=== Begin Enclosure ===

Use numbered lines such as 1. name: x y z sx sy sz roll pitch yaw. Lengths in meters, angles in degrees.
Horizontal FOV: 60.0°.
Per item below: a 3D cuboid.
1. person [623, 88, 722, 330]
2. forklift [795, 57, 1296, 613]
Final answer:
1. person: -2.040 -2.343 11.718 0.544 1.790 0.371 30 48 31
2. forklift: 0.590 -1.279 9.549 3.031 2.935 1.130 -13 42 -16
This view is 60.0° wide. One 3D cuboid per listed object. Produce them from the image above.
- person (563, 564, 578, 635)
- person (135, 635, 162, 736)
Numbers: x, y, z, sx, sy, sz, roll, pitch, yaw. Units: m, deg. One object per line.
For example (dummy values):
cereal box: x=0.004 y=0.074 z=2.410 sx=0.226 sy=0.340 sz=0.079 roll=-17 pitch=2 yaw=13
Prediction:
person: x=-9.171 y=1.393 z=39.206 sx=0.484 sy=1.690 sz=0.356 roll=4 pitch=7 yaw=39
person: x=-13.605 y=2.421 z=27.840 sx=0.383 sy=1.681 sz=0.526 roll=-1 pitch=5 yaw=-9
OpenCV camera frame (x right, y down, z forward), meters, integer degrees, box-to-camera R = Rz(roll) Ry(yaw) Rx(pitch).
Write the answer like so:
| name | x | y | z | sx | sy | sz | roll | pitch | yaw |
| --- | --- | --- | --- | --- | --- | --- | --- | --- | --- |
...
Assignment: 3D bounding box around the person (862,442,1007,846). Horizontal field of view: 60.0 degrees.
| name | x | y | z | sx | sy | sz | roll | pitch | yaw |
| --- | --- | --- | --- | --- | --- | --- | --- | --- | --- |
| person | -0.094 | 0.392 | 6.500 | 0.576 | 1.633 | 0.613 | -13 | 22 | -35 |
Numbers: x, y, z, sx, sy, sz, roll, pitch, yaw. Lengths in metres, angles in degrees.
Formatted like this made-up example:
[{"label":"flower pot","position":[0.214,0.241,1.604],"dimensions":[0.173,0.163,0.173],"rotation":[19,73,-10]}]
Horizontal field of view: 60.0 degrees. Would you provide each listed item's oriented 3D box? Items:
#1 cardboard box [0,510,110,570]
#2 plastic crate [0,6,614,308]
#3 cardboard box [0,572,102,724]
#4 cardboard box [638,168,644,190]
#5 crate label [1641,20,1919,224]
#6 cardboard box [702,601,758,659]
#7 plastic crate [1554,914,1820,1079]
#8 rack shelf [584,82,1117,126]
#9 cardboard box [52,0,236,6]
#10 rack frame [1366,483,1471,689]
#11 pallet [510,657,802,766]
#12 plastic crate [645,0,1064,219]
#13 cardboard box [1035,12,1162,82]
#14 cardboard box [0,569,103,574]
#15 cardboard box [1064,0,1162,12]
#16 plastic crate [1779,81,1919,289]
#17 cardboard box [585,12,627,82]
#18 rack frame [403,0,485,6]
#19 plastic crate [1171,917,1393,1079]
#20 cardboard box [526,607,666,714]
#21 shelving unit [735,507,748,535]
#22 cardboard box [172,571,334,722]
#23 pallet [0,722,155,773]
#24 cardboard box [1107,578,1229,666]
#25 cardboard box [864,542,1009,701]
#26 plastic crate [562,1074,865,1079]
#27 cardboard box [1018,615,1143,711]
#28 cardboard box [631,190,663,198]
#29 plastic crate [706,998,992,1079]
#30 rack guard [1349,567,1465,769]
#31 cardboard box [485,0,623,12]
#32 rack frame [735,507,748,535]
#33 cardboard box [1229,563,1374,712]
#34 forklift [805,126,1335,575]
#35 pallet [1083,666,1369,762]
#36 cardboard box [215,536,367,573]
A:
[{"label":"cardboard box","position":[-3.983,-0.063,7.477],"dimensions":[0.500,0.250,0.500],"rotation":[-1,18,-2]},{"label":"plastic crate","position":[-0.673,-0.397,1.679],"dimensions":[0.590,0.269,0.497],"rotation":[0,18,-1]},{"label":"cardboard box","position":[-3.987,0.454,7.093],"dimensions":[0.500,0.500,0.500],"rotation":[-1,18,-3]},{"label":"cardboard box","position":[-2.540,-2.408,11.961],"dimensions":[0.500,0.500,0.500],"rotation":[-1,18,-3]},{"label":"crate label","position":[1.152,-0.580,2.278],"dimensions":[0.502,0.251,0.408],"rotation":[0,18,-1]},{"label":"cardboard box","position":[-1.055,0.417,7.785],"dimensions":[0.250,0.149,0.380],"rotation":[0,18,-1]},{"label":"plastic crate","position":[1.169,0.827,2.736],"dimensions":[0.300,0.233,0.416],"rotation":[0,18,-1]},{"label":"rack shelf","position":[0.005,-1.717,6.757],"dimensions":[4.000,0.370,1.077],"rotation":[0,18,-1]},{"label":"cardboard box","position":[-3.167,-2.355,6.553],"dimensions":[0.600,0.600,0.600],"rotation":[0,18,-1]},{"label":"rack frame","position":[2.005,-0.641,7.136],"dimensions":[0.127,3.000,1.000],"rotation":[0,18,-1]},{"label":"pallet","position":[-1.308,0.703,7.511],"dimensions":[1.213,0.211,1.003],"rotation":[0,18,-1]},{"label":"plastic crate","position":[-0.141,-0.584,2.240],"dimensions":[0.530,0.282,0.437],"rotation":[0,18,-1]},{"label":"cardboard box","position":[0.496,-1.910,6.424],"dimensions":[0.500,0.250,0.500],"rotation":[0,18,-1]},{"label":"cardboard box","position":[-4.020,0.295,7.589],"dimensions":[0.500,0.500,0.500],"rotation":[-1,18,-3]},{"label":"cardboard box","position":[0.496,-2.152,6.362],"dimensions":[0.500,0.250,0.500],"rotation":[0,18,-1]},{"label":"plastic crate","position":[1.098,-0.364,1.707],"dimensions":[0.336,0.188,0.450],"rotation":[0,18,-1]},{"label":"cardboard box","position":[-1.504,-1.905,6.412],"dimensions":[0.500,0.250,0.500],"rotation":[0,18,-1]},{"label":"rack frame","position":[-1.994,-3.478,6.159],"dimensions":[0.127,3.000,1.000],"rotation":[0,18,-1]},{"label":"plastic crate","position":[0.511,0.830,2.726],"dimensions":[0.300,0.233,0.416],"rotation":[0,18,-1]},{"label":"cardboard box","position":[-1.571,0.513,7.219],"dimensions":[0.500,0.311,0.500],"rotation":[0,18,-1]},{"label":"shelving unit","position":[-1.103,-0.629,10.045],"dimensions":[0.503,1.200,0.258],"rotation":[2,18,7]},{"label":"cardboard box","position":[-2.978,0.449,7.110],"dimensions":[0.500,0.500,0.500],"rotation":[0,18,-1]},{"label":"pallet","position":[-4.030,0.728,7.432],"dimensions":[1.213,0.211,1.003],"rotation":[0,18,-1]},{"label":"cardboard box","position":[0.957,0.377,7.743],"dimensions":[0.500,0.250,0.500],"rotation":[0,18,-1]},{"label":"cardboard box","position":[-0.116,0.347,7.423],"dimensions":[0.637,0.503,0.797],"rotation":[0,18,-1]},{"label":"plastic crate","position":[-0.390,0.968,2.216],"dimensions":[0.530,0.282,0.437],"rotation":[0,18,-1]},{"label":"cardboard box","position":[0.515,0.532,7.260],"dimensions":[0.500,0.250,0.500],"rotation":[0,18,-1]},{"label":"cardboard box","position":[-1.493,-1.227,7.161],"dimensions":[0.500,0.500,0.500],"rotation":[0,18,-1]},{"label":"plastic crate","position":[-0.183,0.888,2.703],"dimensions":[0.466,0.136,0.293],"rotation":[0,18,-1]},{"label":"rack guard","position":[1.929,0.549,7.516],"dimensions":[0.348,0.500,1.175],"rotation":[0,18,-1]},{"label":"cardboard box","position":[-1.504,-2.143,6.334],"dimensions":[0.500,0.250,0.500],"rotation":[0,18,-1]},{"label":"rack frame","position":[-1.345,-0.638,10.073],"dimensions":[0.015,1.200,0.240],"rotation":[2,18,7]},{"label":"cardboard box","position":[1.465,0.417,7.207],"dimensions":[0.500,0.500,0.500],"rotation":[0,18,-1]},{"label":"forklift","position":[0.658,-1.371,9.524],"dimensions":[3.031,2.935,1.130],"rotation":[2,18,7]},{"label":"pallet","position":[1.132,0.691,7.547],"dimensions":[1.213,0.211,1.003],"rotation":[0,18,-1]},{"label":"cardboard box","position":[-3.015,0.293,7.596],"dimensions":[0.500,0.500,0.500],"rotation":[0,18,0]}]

=== End Enclosure ===

Of all the lines in the data above, show only those that hold the word "object".

This view is 60.0° wide. One 3D cuboid per listed object. Produce them from the image above.
Numbers: x, y, z, sx, sy, sz, roll, pitch, yaw. Units: m, deg. One object per line.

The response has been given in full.